The oldest of 7 children, Dennis Kucinich was born in 1946 to a Croatian father and an Irish mother in Cleveland. The family was poor and moved 21 times before Dennis was 17, occasionally living in the family car. At 17, Kucinich left home to work and go to school. He graduated from Case Western Reserve University in 1974 with a BA and MA in Speech and Communication. At 23, he was elected to Cleveland’s city council, starting his political career. In 1977 he was elected Cleveland’s mayor, becoming the youngest mayor of a major American city. After a period of political hibernation in the 1980s Kucinich was elected to the House of Representatives for Ohio’s 10th District in 1996, where he has served since.

What doesn’t kill you…

Kucinich has consistently placed his progressive principals above partisan politics. He won Cleveland’s mayoral election based on a promise to not sell the city’s electric utility to a private company (a.k.a. deregulation). He held true to that promise, despite strong pressure from the business sector and even an assassination attempt. Ultimately, this decision proved politically catastrophic. He handily lost the next election, and he is still listed as one of the 10 worst big-city mayors of all time. Kucinich spent the 1980s “drifting” between Cleveland and the Southwest, often depending on the charity of friends. It was not until 1998 that he was recognized for his courage as mayor, saving Cleveland’s residents $195 million in utilities between 1985 and 1995.

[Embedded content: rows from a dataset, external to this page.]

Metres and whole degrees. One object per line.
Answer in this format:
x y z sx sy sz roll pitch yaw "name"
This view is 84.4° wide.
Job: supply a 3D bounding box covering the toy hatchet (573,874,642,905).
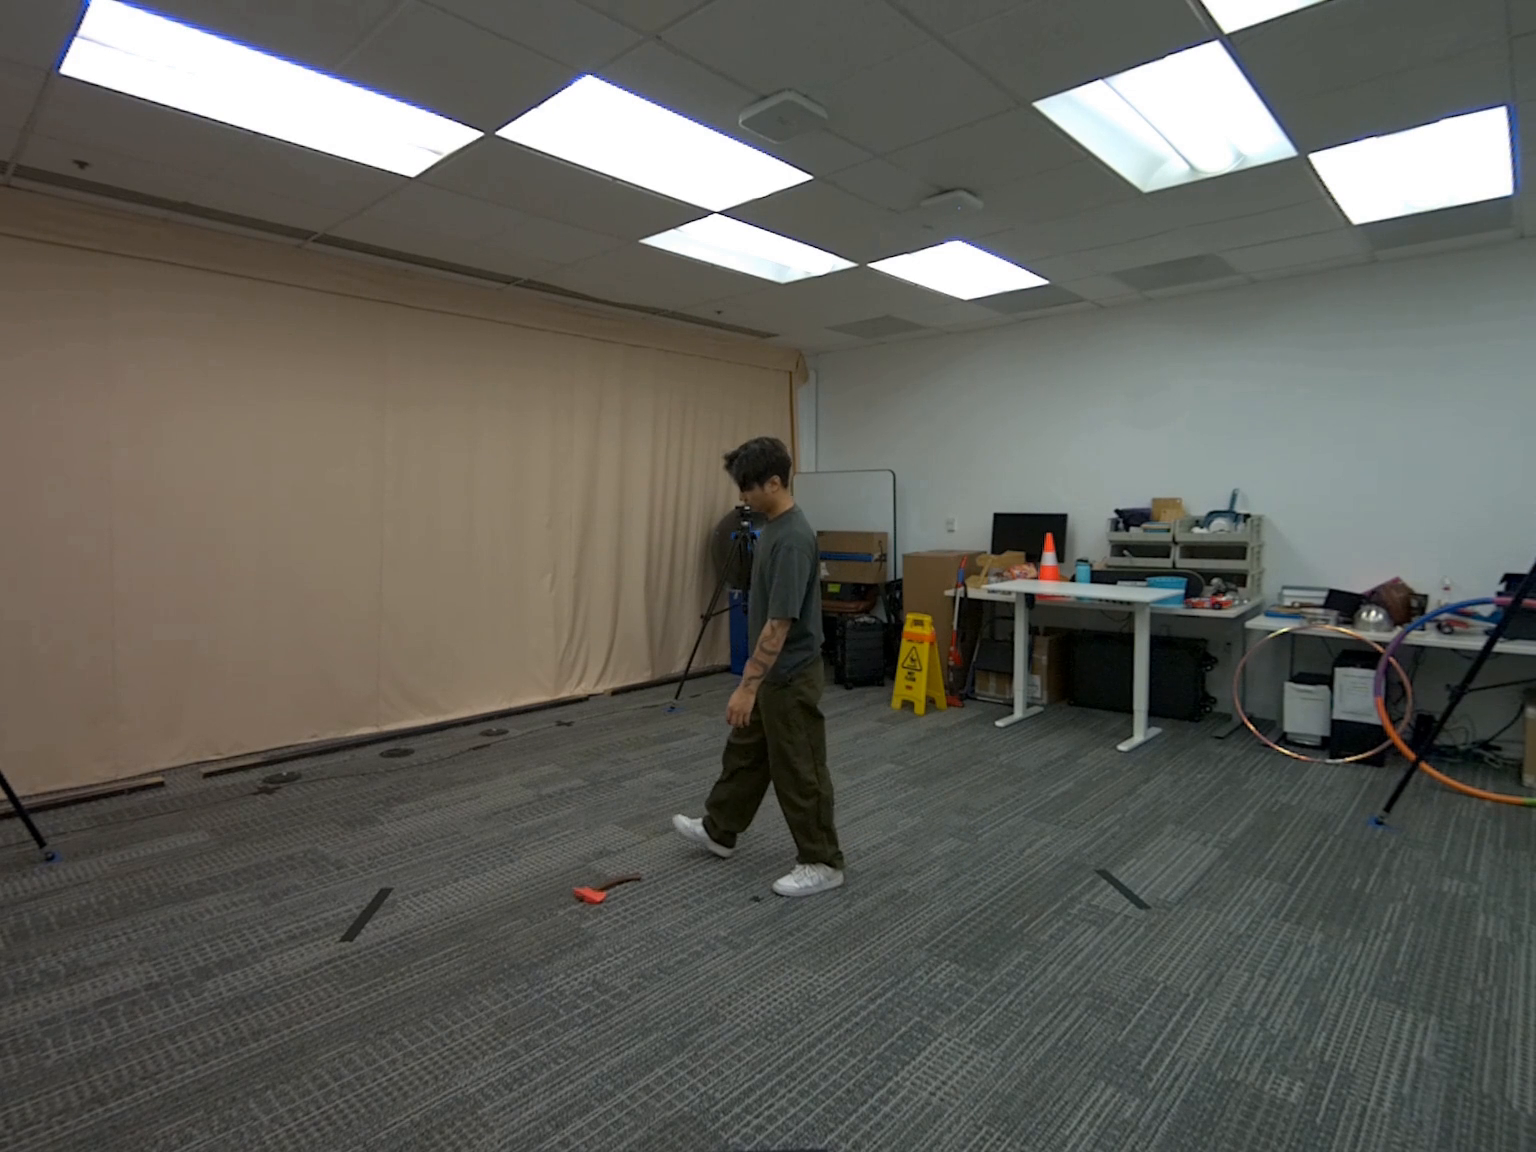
-0.565 1.135 3.045 0.262 0.029 0.135 -1 4 -33 "toy hatchet"

In Congress, Kucinich has continued to vote his conscience, something the other candidates have been back-pedaling on since 2002. He voted against the USA PATRIOT act, against the authorization of force in Iraq, and has consistently voted against continued war funding. Kucinich voted for a resolution to investigate the Monica Lewinsky matter (breaking with most Democrats in the Clinton era), he continues to support legislation to provide a single-source health care system accessible to all Americans, and he has consistently supported human rights at home and abroad.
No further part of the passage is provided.